Because pyxll is running in excel and not as its own python process, sys.executable will be excel.exe and not python.exe. PyXLL doesn't use python.exe at all, and so doesn't know where it is (it only uses the python dll).

Try setting sys.executable to the python.exe you want the child process to run as (full path, eg c:/python33/python.exe) before calling PaPy.

Best regards,
Tony

416
Help and Support / Re: Returning a float array or error string
« on: September 13, 2013, 08:08:08 AM »
Hi,

great :) Yes, converting between numpy arrays or basic types (float, int, string) will be faster than using var, but unless you're returning very large arrays I don't think it's something to worry about to be honest.

best regards,
Tony

417
Help and Support / Re: Returning a float array or error string
« on: September 12, 2013, 01:54:32 PM »
Hi,

the numpy_row type expects the elements in the array to be floats, which is why I expect you're having this problem. If you check the log file you should see the exception along with the stack trace.

You could change the type to var and return a 2d array or a string depending on whether there was an error or not, i.e: something like this:

   @xl_func("int uid, int node: var") ## return type changed to var
   def py_GetNodeXYZ(uid, node):
       """Get node coordinates """
# Create empty array of c_doubles required by the API function
            XYZType = ctypes.c_double * 3
            XYZ = XYZType()
# Call API function
       ierr = St7GetNodeXYZ(uid, node, XYZ)
# If ierr <> 0 return an error string
       if ierr <> 0:
      err = py_ErrString(ierr)  # this returns an error message to err
      return err ## return a string
       else:
          return array([XYZ[0:3]])  ## return a 2d array

best regards,
Tony

418
Help and Support / Re: Using coo_matrix
« on: September 05, 2013, 09:59:33 AM »
Hi,

that's probably better asked on a scipy forum as I'm not an expert, but from a general python perspective two functions with the same name imported from different modules are different functions, and so you would have to call whichever one you want. It's possible that scipy determines the most appropriate method internally, but I don't know - you'd have to refer to the scipy docs or ask elsewhere to find that out.

Best regards,
Tony

419
Help and Support / Re: Stepping through code
« on: September 04, 2013, 08:51:17 AM »
Hi,

yes. You need a python debugger that supports connecting to a remote python process. You simply connect to your python code in Excel with the debugger as you would to debug remotely any normal python process.
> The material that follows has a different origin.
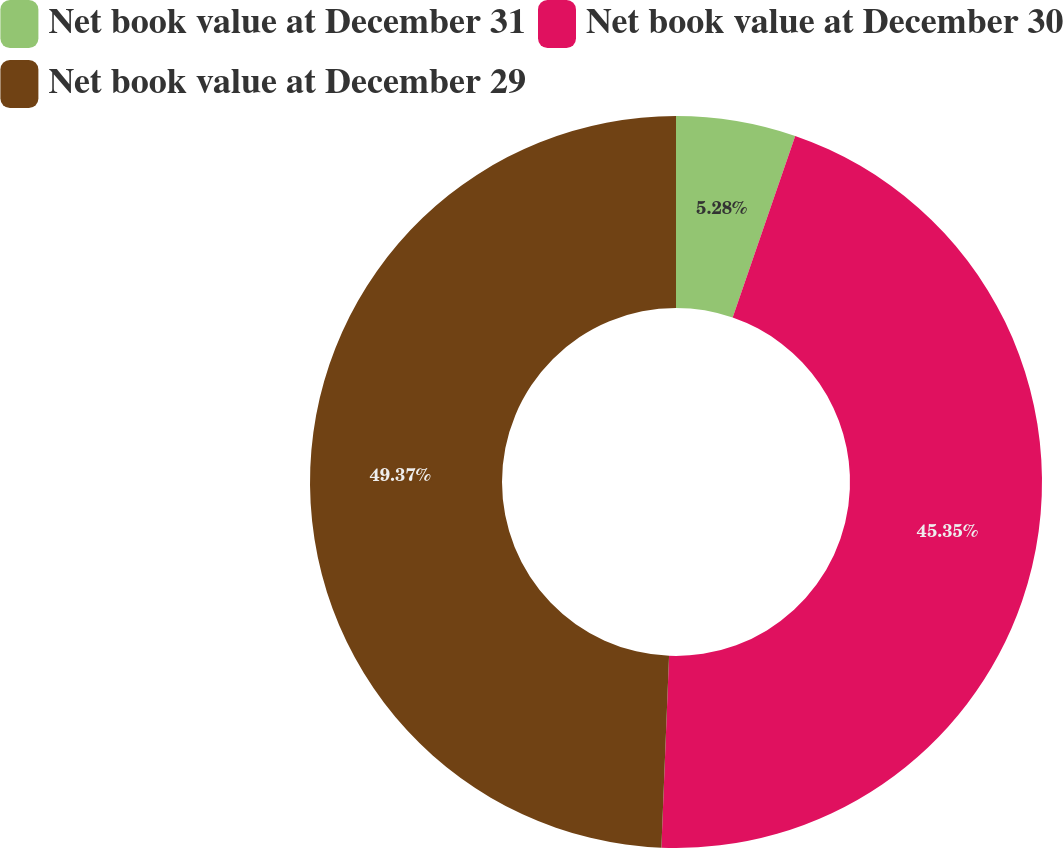Convert chart. <chart><loc_0><loc_0><loc_500><loc_500><pie_chart><fcel>Net book value at December 31<fcel>Net book value at December 30<fcel>Net book value at December 29<nl><fcel>5.28%<fcel>45.35%<fcel>49.36%<nl></chart>

One debugger than can do this is the eclipse plugin pydev. There's an example included with pyxll that shows how to attach to the remote debugger in pydev from pyxll (see 'attach_to_pydev' in http://www.pyxll.com/docs/examples/developertools.html).
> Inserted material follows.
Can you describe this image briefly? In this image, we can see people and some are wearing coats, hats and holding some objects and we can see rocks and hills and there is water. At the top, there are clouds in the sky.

If you don't want to use eclipse another alternative it winpdb (http://winpdb.org/download/ and see http://winpdb.org/docs/embedded-debugging/ for how to attach to the debugger from your python code - which you could put in a menu function).

Best regards,
Tony

420
Help and Support / Re: Using coo_matrix
« on: September 04, 2013, 08:47:00 AM »
Hi,

I'm not familiar with coo_matrix I'm afraid, but looking at the docs it seems like i and j should be vectors rather than 2d arrays? The numpy_array type is always a 2d array, even if only a single column or row is passed in. You can use the types numpy_row and numpy_column to pass 1d vectors (see http://www.pyxll.com/docs/udfs.html#using-numpy-arrays). If you want to automatically detect is a matrix only has one row or column and convert it to a vector you can use a custom type (see http://www.pyxll.com/docs/examples/customtypes.html).

You should also look at the log file as any exceptions throws will be output there, along with the stack trace. That should help you figure out what's not working.